MOEA/D-Based Probabilistic PBI Approach for Risk-Based Optimal Operation of Hybrid Energy System with Intermittent Power Uncertainty

Abstract

The stochastic nature of intermittent energy resources has brought significant challenges to the optimal operation of the hybrid energy systems. This article proposes a probabilistic multiobjective evolutionary algorithm based on decomposition (MOEA/D) method with two-step risk-based decision-making strategy to tackle this problem. A scenario-based technique is first utilized to generate a stochastic model of the hybrid energy system. Those scenarios divide the feasible domain into several regions. Then, based on the MOEA/D framework, a probabilistic penalty-based boundary intersection (PBI) with gradient descent differential evolution (GDDE) algorithm is proposed to search the optimal scheme from these regions under different uncertainty budgets.
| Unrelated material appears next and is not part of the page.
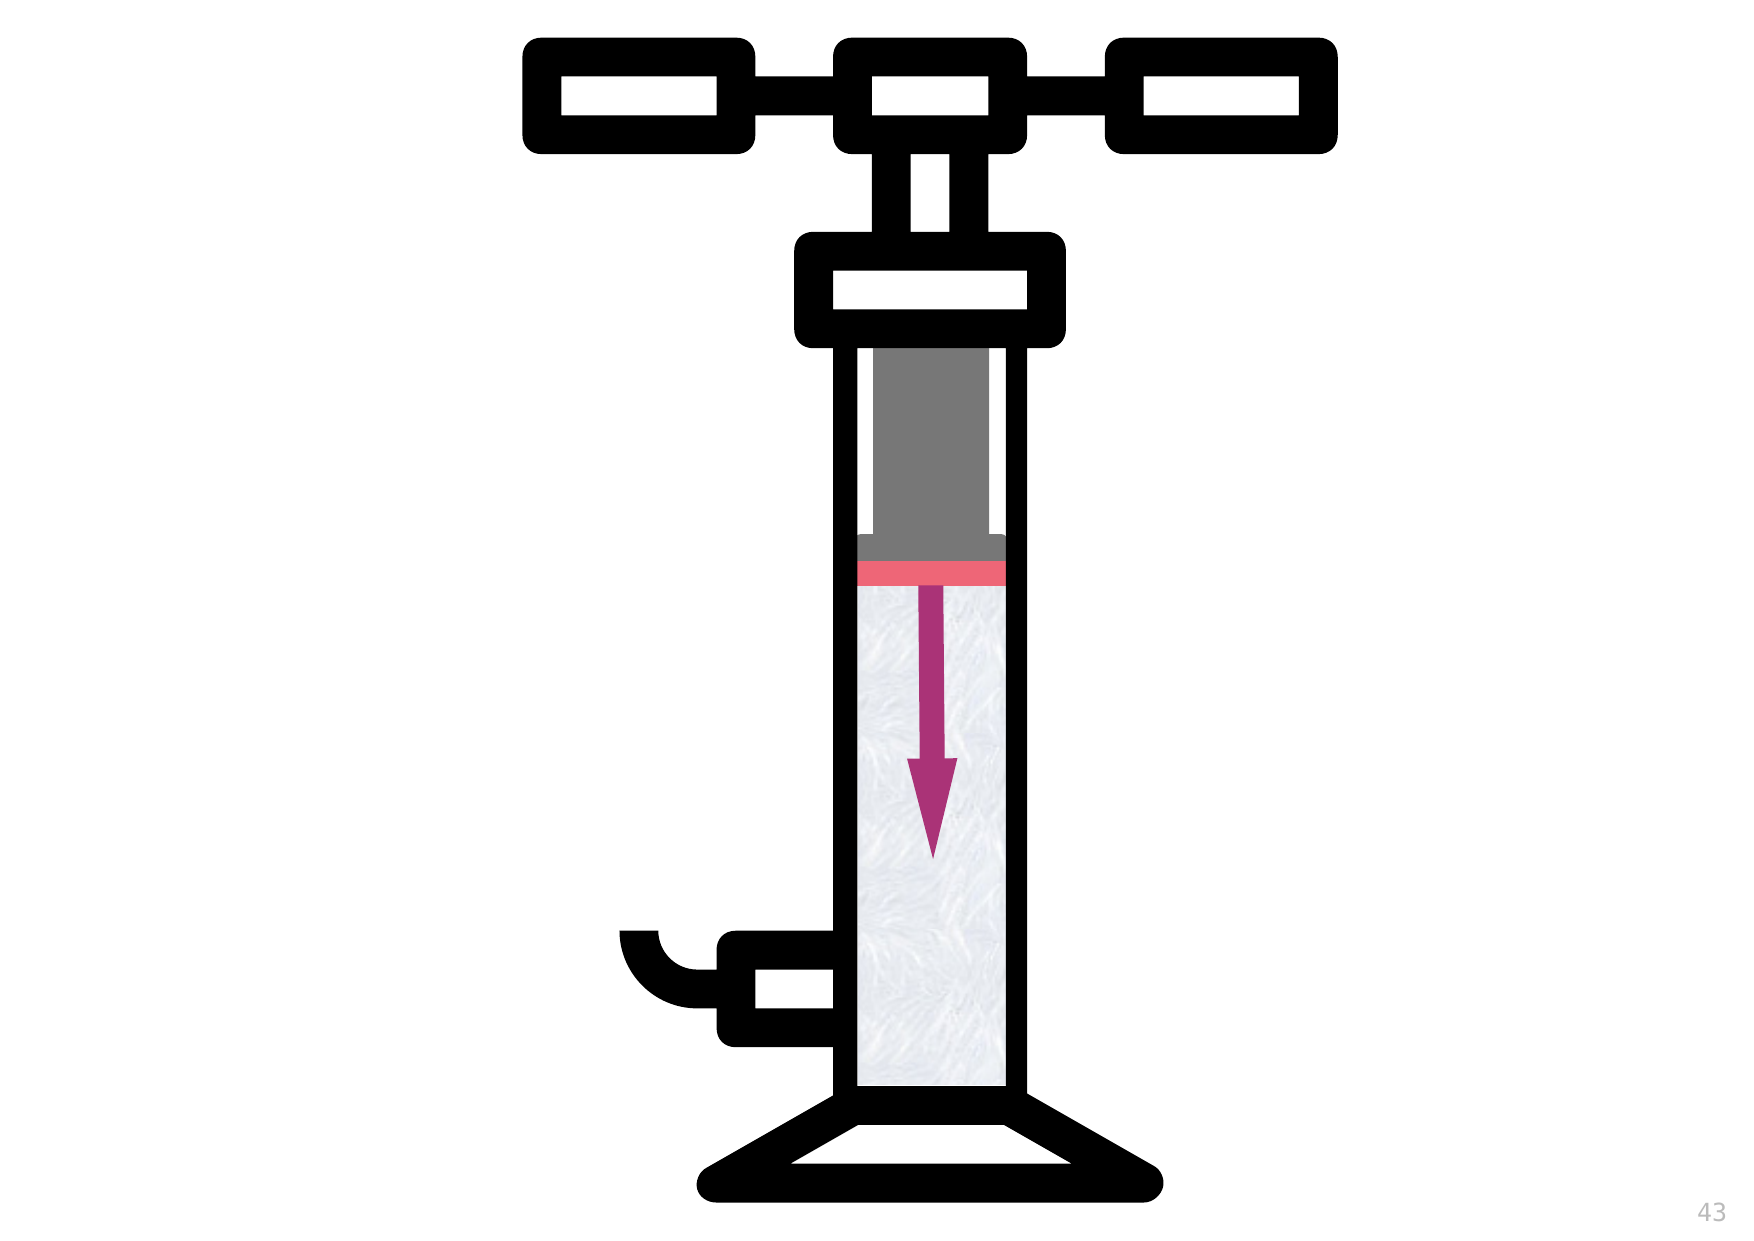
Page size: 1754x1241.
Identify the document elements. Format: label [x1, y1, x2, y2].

picture [521, 36, 1339, 1204]

To ensure reliable and low risk operation of the hybrid energy system, the Markov inequality is employed to deduce a proper interval of the uncertainty budget. Further, a fuzzy grid technique is proposed to choose the best scheme for real-world applications. The experimental results confirm that the probabilistic adjustable parameters can properly control the uncertainty budget and lower the risk probability. Further, it is also shown that the proposed MOEA/D-GDDE can significantly enhance the optimization efficiency.